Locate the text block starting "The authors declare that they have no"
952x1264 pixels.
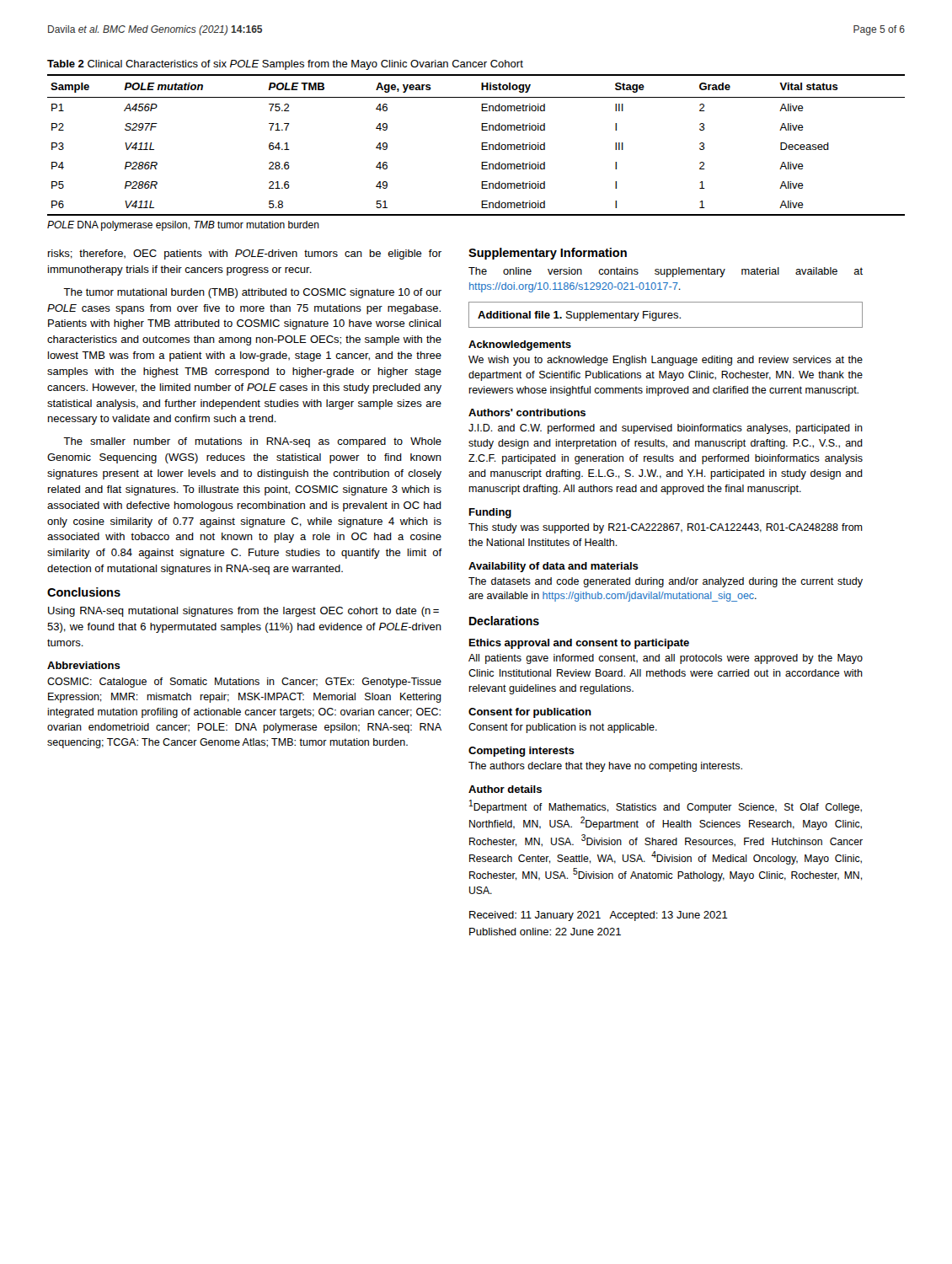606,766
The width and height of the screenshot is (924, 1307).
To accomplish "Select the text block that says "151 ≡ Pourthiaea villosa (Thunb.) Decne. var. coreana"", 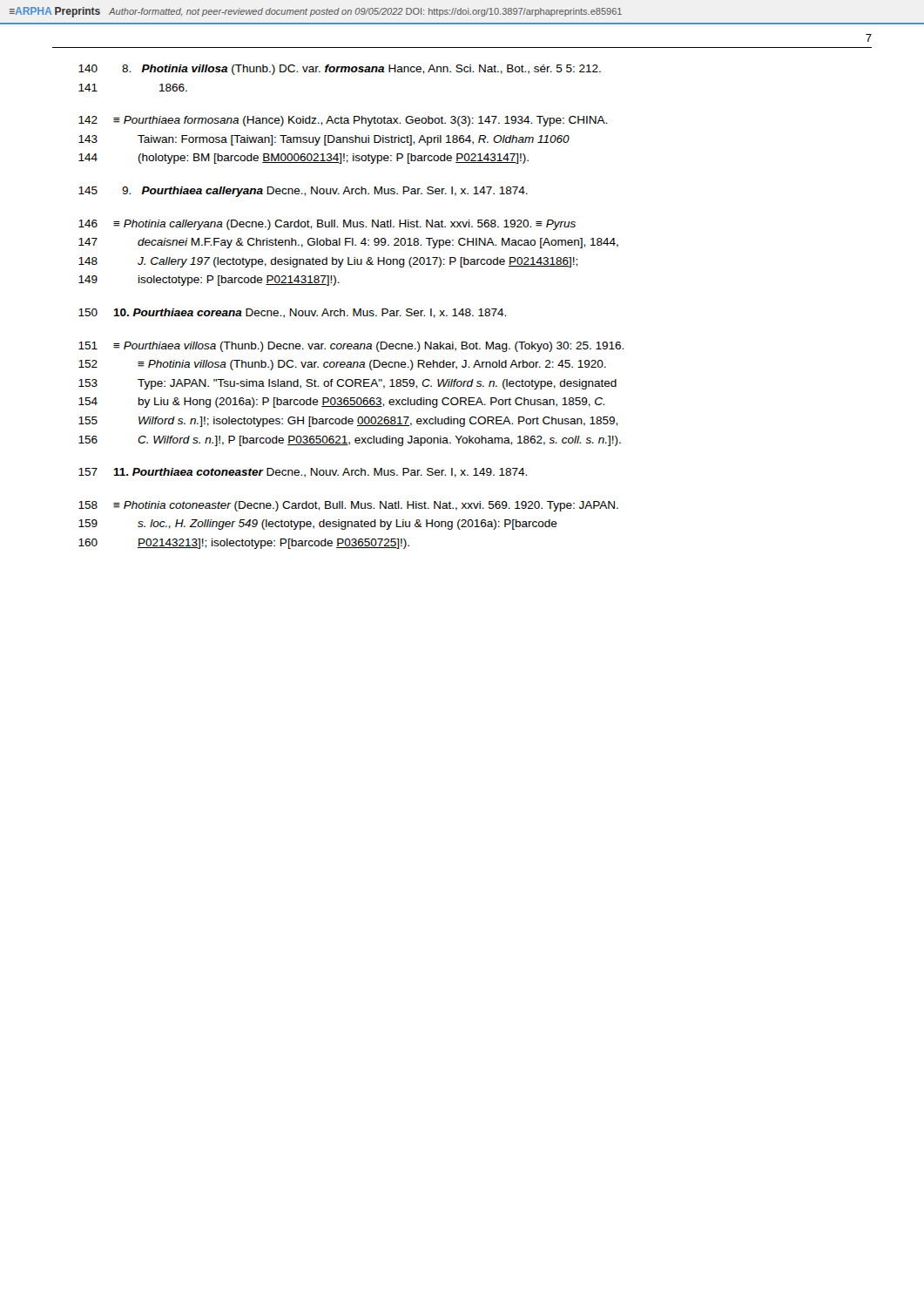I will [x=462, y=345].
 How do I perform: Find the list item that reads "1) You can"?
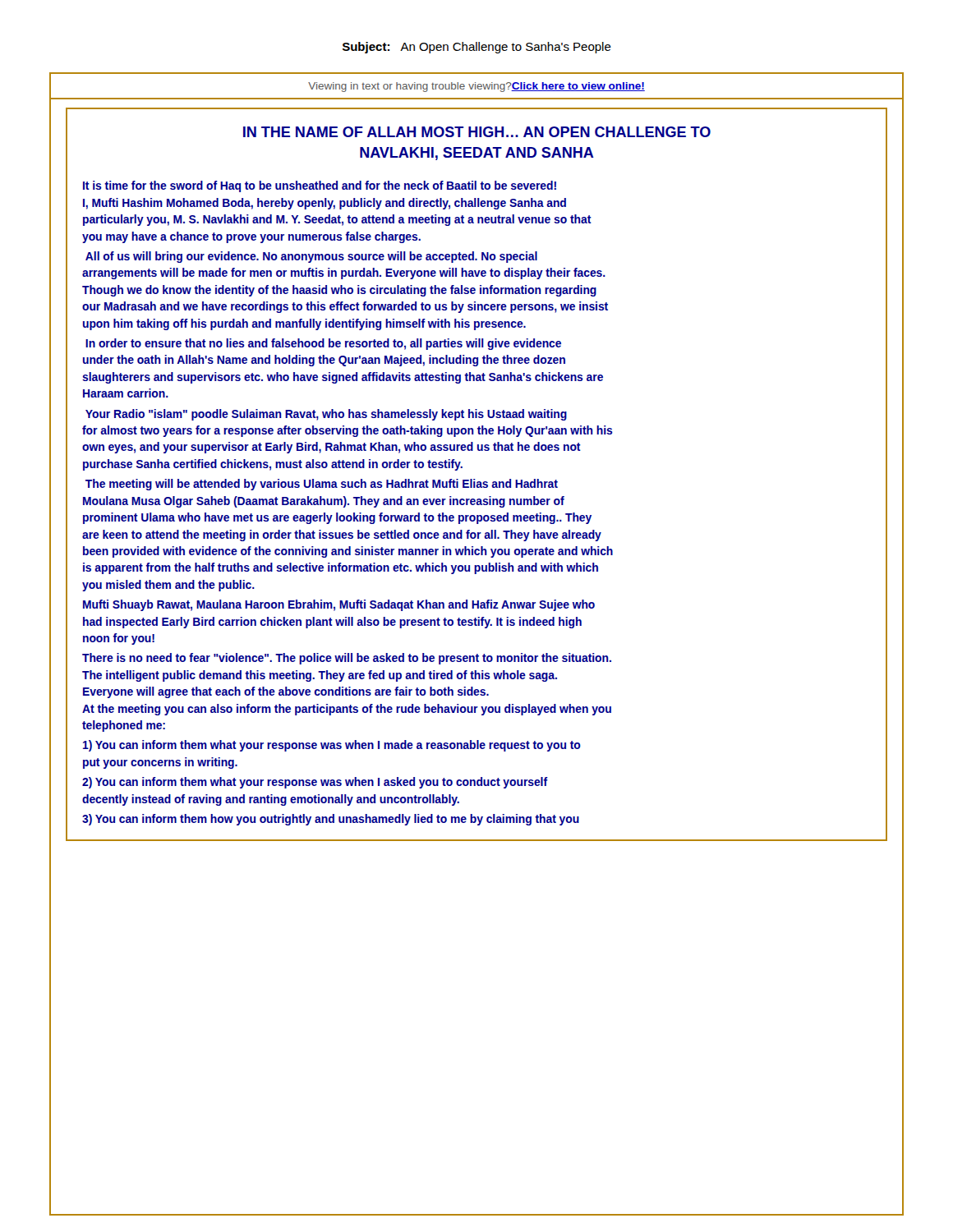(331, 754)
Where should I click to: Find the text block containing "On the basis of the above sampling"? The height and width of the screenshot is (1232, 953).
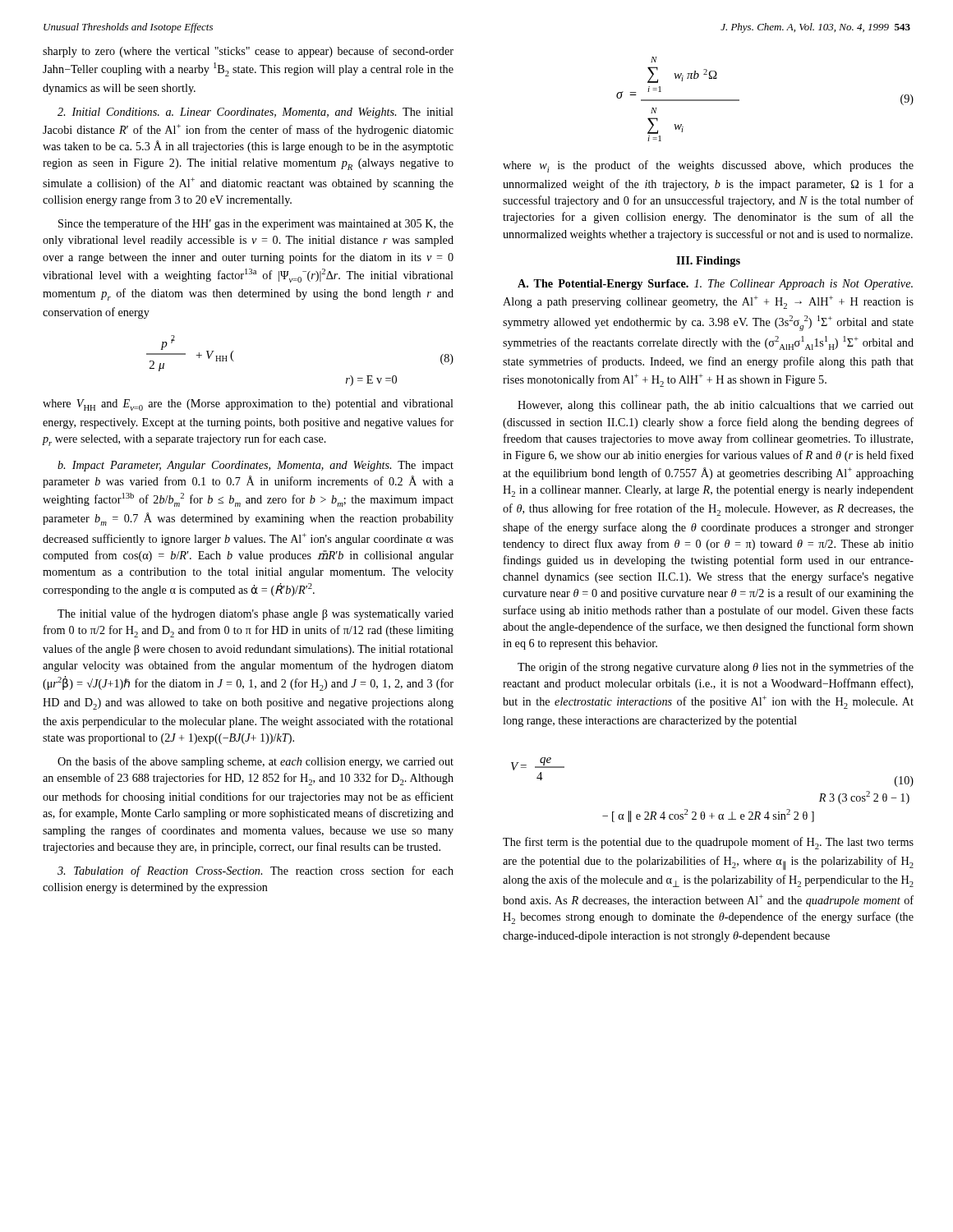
+++
Give a single number: the count of lines above that include the word "width".

2